I can easily calculate the target answer which is 256/3. But I'm having trouble solving it the way the problem asks:

Limit of approximating sums is:

$\lim\limits_{n \to \infty} \sum\limits_{j=1}^n f(c_j) (x_j - x_{j - 1}) = \lim\limits_{n \to \infty} \sum\limits_{j=1}^n f(\frac{4j}{n}) \frac{4}{n} = \lim\limits_{n \to \infty} \sum\limits_{j=1}^n \frac{4^3j^2}{n^2} \frac{4}{n} = 256 \lim\limits_{n \to \infty} \sum\limits_{j=1}^n \frac{j^2}{n^3}$

At that point I'm stuck.
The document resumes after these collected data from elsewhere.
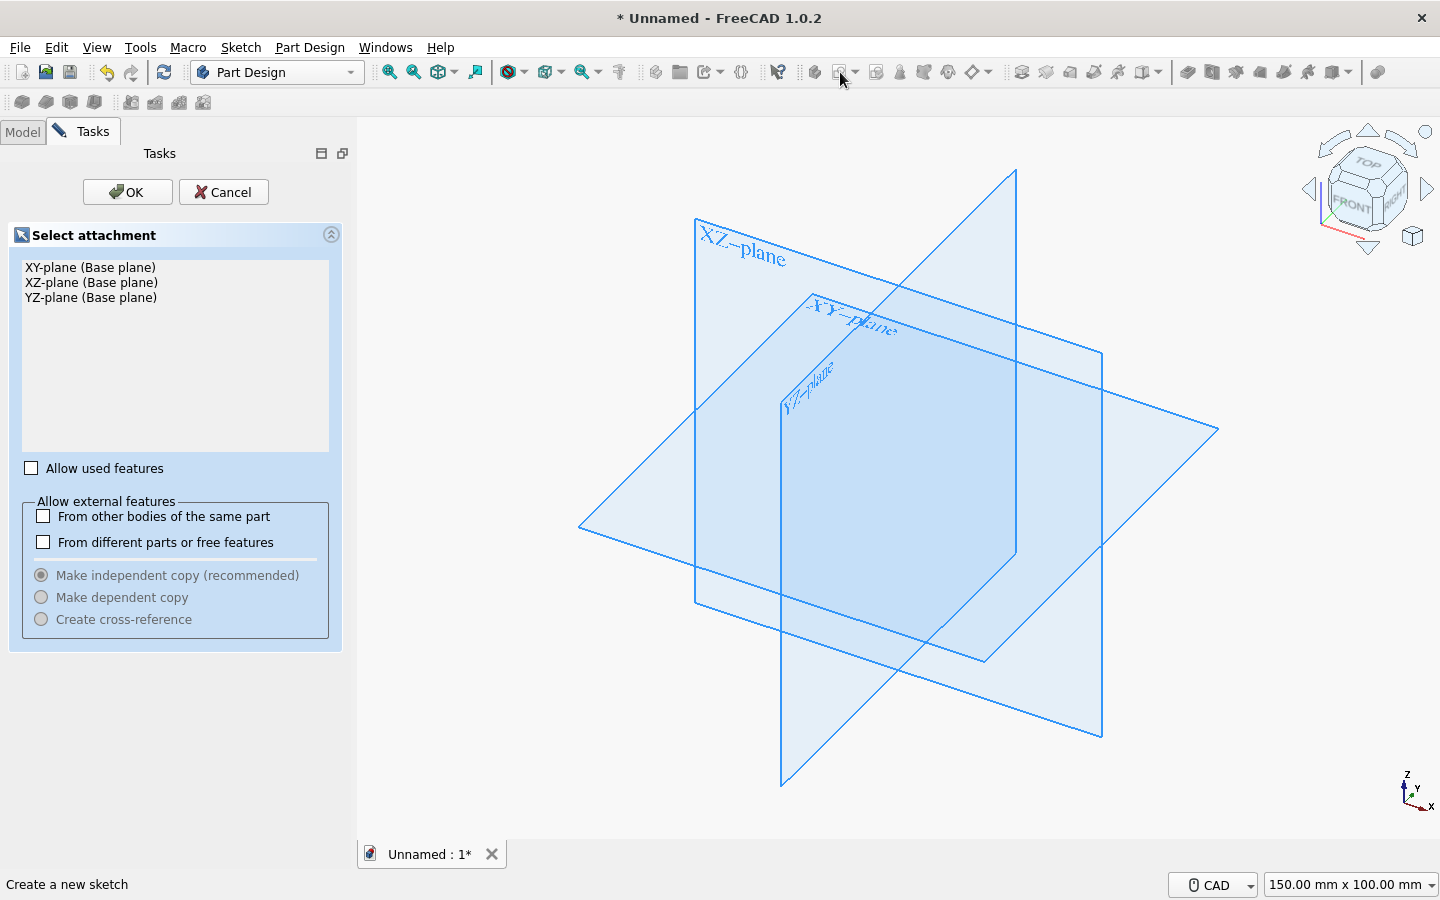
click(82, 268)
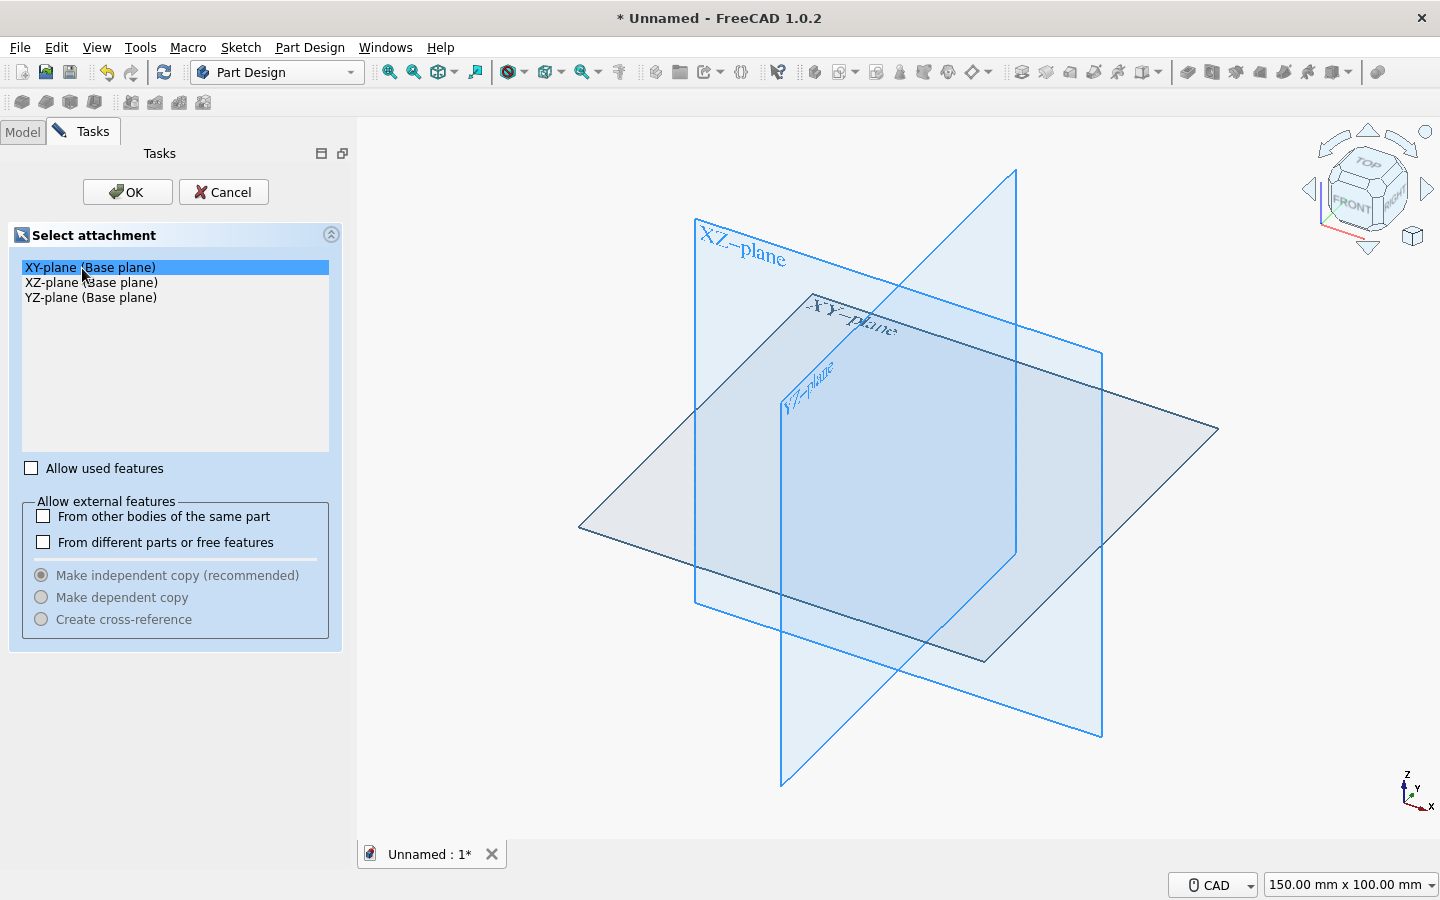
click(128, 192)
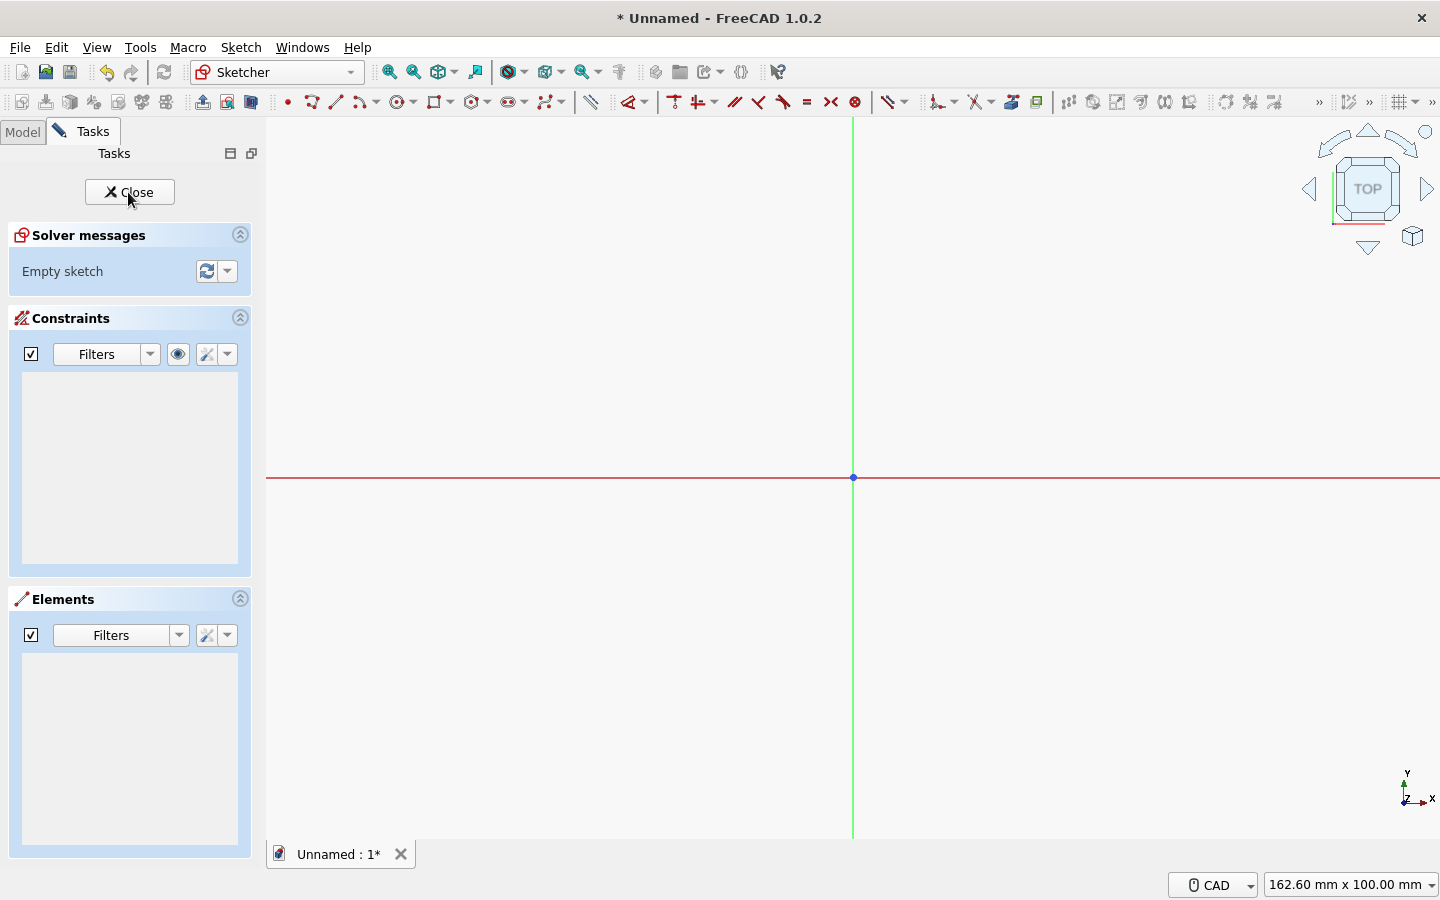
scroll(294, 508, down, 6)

Any tips?

**Prove It** · May 31st 2011, 07:31 AM

$\displaystyle n$ is a constant in the sum, so write it as

$\displaystyle\begin{align*} \lim_{n \to \infty}\left(\frac{1}{n^3}\sum_{j = 1}^n{j^2}\right) &= \lim_{n \to \infty}\left\{\frac{1}{n^3}\left[\frac{n(n+1)(2n+1)}{6}\right]\right\}\\ &= \lim_{n \to \infty}\frac{(n+1)(2n+1)}{6n^2}\\ &= \lim_{n \to \infty}\frac{2n^2 + 3n + 1}{6n^2} \\ &= \lim_{n \to \infty}\left(\frac{1}{3} + \frac{1}{2n} + \frac{1}{6n^2}\right)\\ &= \frac{1}{3}\end{align*}$

**VinceW** · May 31st 2011, 11:44 AM

duplicate

**VinceW** · May 31st 2011, 11:47 AM

Thanks! Solving the following summation was the really tricky part. I got it now thanks to your help.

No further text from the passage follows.